SUMMARY: What if Max came back to life after the whole
Wheeler/Metachem thing but nobody knew? Here's my outlook. Liz's POV.
Takes place three years after the fire.
AUTHOR'S NOTE: Pretty angsty. I just needed to get some of my
emotions out there b/c my ex, who claimed he wanted to stay friends, is
being a total asshole. Gimme feedback!!!

~*~*~*~*~*~*~*~*~*~*~*~*~*~*~*~*~*~*~*~

"You said the way my blue eyes shined
Put those Georgia stars to shame that night
I said that's a lie...."


Here I sit on the balcony of my parents' restaurant, thinking about everyhting
that happened here. It's where Max and I shared our first kiss, where he
broke up with me, where I broke his heart. It's where I wrote everything that
happened between him and I down in my journal. So many memorys, so
many emotions....

I used to believe that everything would work itself out if I just waited. That
Max and I would get back together and have a family; that I'd get my
happily-ever-after. It never happened.

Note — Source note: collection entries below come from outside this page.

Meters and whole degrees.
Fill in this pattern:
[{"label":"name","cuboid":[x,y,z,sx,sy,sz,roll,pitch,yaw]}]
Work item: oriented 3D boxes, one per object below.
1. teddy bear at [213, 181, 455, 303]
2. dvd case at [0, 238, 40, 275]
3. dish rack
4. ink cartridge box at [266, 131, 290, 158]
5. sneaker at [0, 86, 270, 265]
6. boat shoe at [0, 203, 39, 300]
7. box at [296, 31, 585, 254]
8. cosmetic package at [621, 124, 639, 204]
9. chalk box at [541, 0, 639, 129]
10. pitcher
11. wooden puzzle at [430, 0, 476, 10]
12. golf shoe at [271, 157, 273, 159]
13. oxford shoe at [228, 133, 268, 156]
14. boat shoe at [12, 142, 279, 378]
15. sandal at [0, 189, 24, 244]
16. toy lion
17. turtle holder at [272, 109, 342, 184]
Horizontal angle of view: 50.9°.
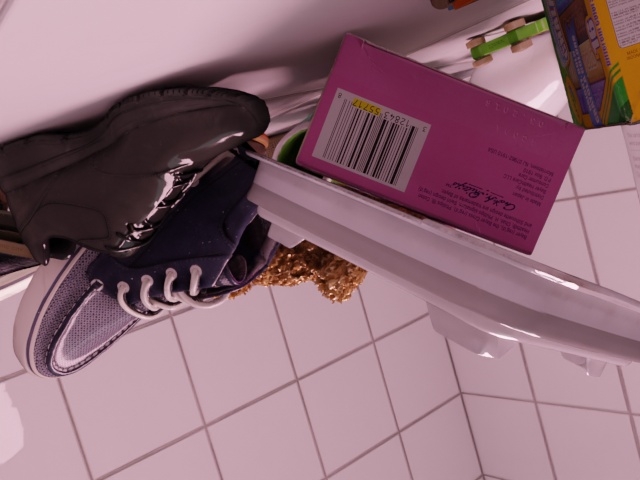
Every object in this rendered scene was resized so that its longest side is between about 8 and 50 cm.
[{"label":"teddy bear","cuboid":[0.000,0.000,0.841,0.338,0.113,0.245,-21,-157,-31]},{"label":"dvd case","cuboid":[-0.412,0.001,0.686,0.221,0.018,0.165,16,163,-39]},{"label":"dish rack","cuboid":[0.105,0.023,0.572,0.286,0.072,0.333,16,-172,-43]},{"label":"ink cartridge box","cuboid":[-0.032,-0.118,1.433,0.193,0.234,0.088,-16,-174,-13]},{"label":"sneaker","cuboid":[-0.164,-0.055,0.604,0.286,0.130,0.109,-15,-177,26]},{"label":"boat shoe","cuboid":[-0.512,0.011,1.044,0.187,0.156,0.500,-13,-167,46]},{"label":"box","cuboid":[0.097,-0.088,0.665,0.214,0.117,0.243,21,-174,-2]},{"label":"cosmetic package","cuboid":[0.645,-0.210,0.882,0.394,0.327,0.329,-16,-175,7]},{"label":"chalk box","cuboid":[0.256,-0.166,0.519,0.132,0.132,0.213,-16,-174,11]},{"label":"pitcher","cuboid":[0.306,-0.232,0.912,0.178,0.125,0.207,-36,-178,-26]},{"label":"wooden puzzle","cuboid":[0.113,-0.181,0.478,0.079,0.014,0.116,-14,-174,21]},{"label":"golf shoe","cuboid":[-0.003,-0.178,1.283,0.306,0.140,0.115,-14,-138,16]},{"label":"oxford shoe","cuboid":[-0.195,-0.068,0.858,0.130,0.132,0.364,-11,-173,42]},{"label":"boat shoe","cuboid":[-0.168,0.033,0.689,0.340,0.158,0.127,-55,151,2]},{"label":"sandal","cuboid":[-0.418,-0.028,0.821,0.120,0.086,0.303,17,172,-35]},{"label":"toy lion","cuboid":[0.233,-0.237,0.773,0.096,0.034,0.100,-27,-170,-28]},{"label":"turtle holder","cuboid":[0.074,-0.110,1.036,0.227,0.243,0.320,2,-178,-43]}]

I didn't even get to tell him I loved him
one last time before he died.

Valenti said that Max died a hero, and I agree, but I don't understand how God
could take him from me. I feel like I'm being punished for letting such stupid things
come between us, for not keeping the faith that he begged me to keep in us.

It doesn't matter now. I've tried to go on with my life.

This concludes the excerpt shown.